━━━ Records supplied
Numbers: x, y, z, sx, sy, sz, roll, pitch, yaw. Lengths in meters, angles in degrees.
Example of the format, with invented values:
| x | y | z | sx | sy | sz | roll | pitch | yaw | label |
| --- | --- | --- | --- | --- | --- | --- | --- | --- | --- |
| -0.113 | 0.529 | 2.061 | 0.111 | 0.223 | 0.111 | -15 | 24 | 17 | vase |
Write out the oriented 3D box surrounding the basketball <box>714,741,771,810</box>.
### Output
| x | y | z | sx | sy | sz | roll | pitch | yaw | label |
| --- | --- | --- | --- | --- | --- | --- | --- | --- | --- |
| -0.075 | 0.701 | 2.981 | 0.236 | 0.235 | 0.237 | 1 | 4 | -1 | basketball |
━━━━━━
━━━ Records supplied
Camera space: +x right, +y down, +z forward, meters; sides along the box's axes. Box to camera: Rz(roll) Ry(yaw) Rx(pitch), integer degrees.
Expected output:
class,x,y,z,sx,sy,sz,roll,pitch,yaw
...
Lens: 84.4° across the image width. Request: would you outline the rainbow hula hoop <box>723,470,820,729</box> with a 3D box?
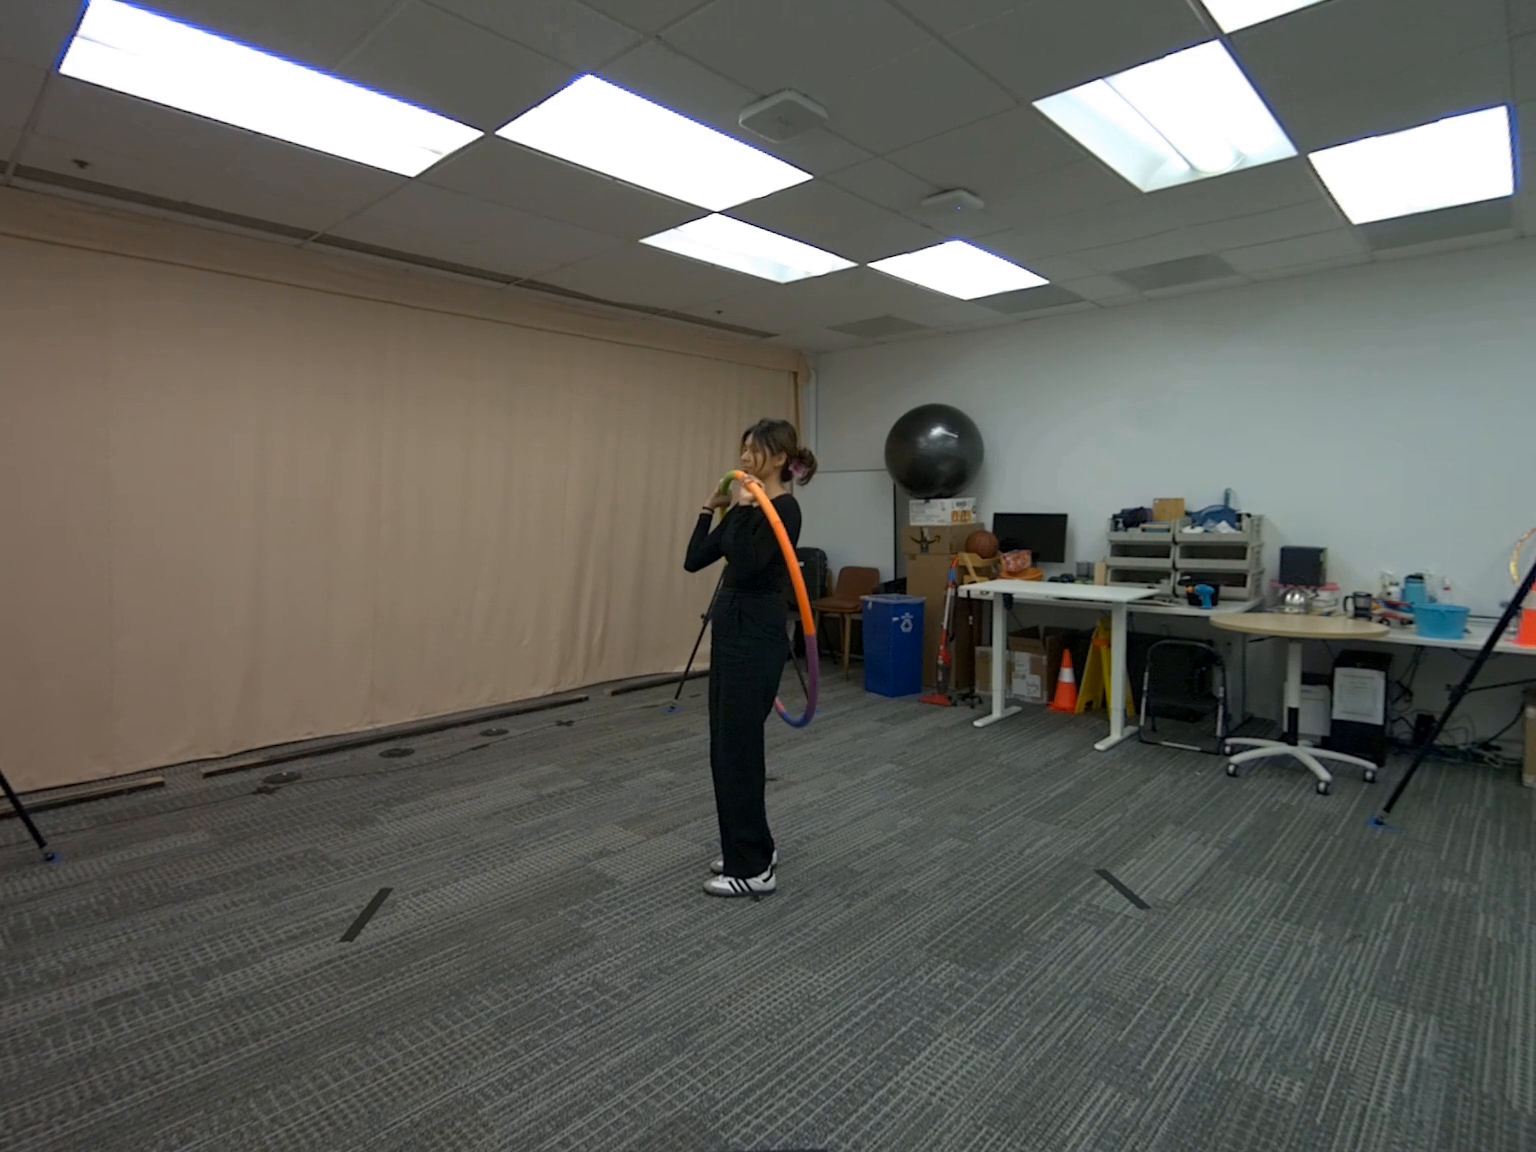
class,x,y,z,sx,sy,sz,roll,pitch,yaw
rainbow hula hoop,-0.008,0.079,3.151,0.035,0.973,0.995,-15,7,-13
━━━━━━
━━━ Records supplied
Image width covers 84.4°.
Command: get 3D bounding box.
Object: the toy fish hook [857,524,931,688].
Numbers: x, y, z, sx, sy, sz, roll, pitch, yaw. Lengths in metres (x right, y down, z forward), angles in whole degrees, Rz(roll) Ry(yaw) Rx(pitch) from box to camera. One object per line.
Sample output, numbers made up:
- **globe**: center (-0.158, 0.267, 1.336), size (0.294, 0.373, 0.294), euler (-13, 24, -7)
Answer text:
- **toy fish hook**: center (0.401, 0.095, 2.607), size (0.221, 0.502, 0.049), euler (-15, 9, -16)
━━━━━━
Exercise details
Among these entries, how many lines include the string "down"? Reply with the number by itself.

Written response
2